What the task requires -> Give the data back exactly. Leave out any images.

Supplied data ->
==*==

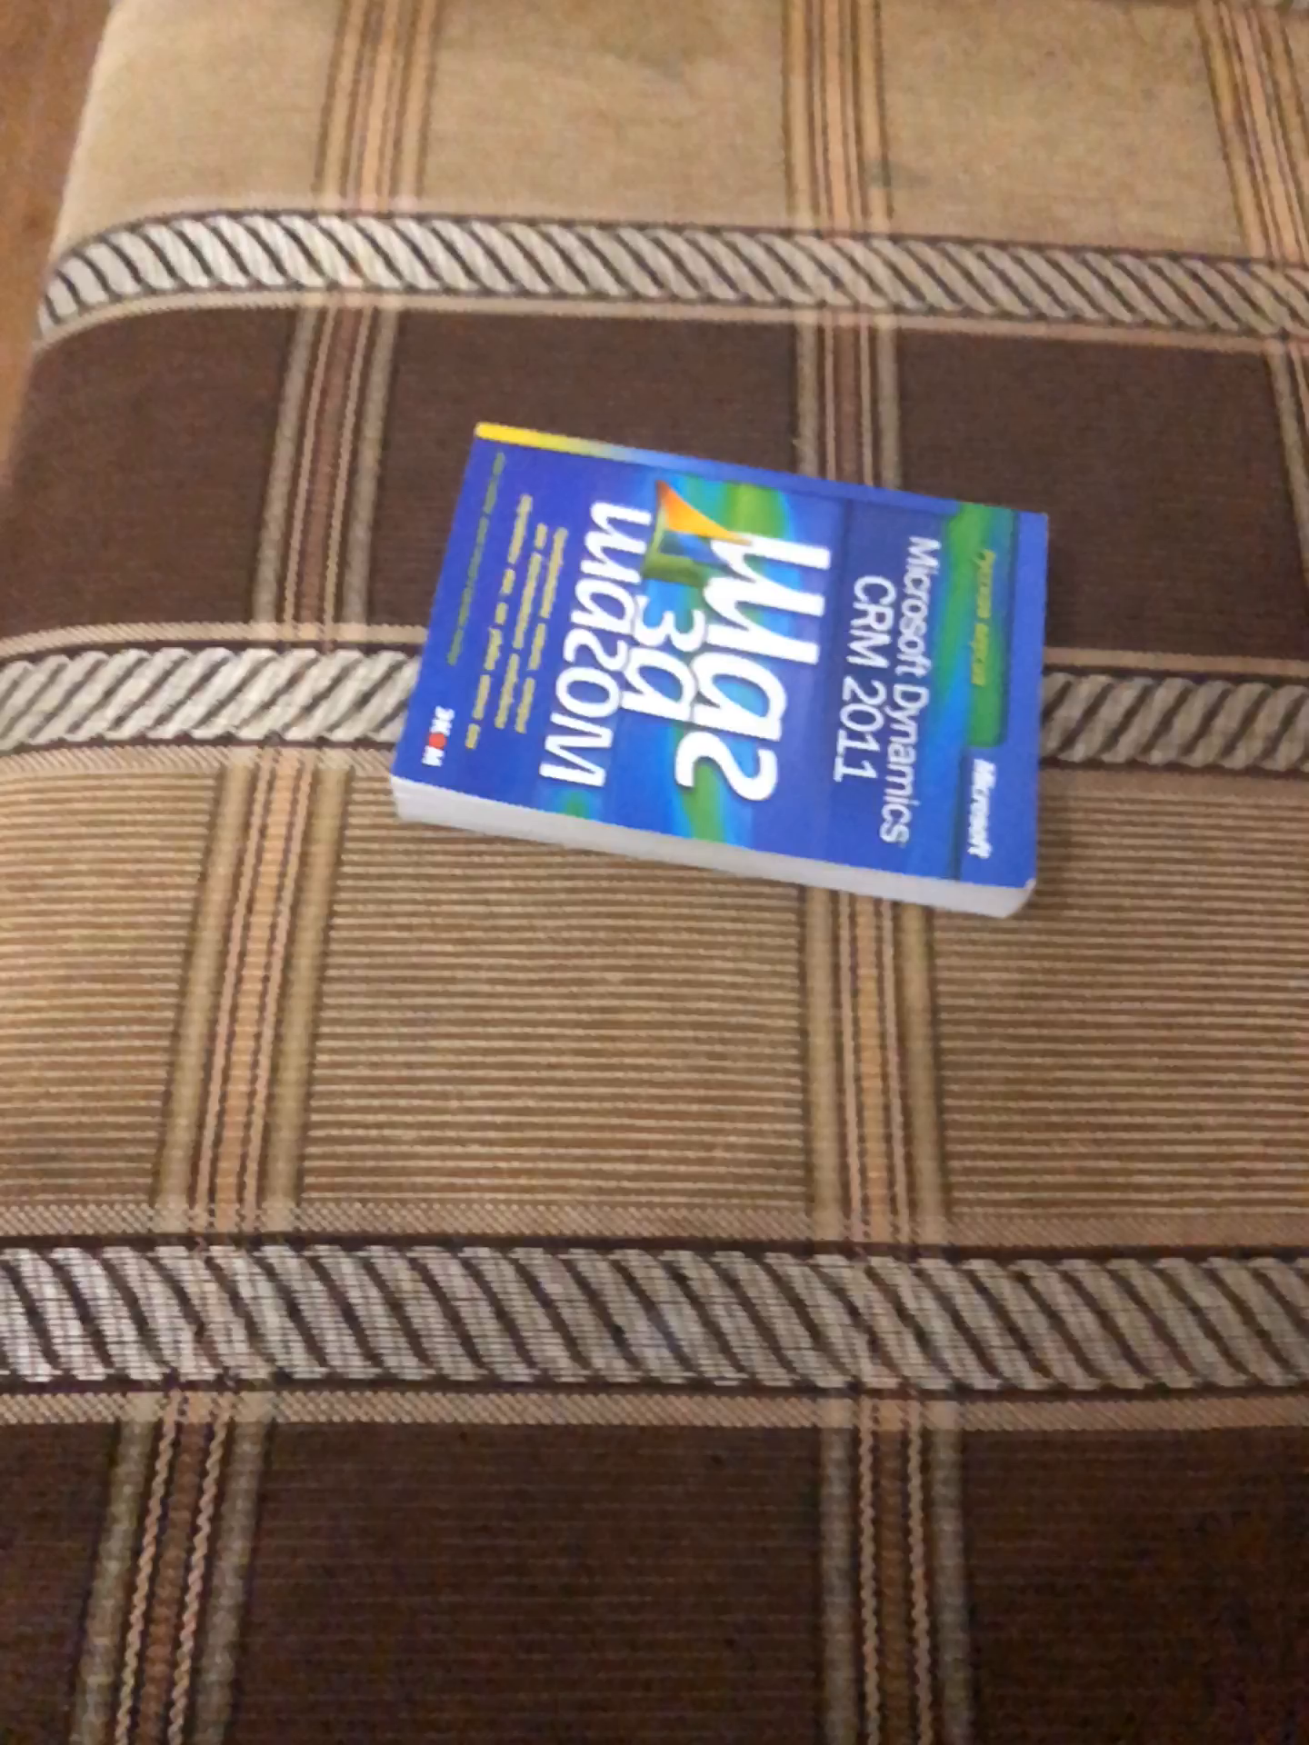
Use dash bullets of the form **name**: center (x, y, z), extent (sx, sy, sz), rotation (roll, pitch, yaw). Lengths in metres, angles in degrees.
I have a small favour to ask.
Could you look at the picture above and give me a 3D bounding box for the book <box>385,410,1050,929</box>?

==*==

The completed task ->
Use dash bullets of the form **name**: center (x, y, z), extent (sx, sy, sz), rotation (roll, pitch, yaw). Lengths in metres, angles in degrees.
I have a small favour to ask.
Could you look at the picture above and give me a 3D bounding box for the book <box>385,410,1050,929</box>?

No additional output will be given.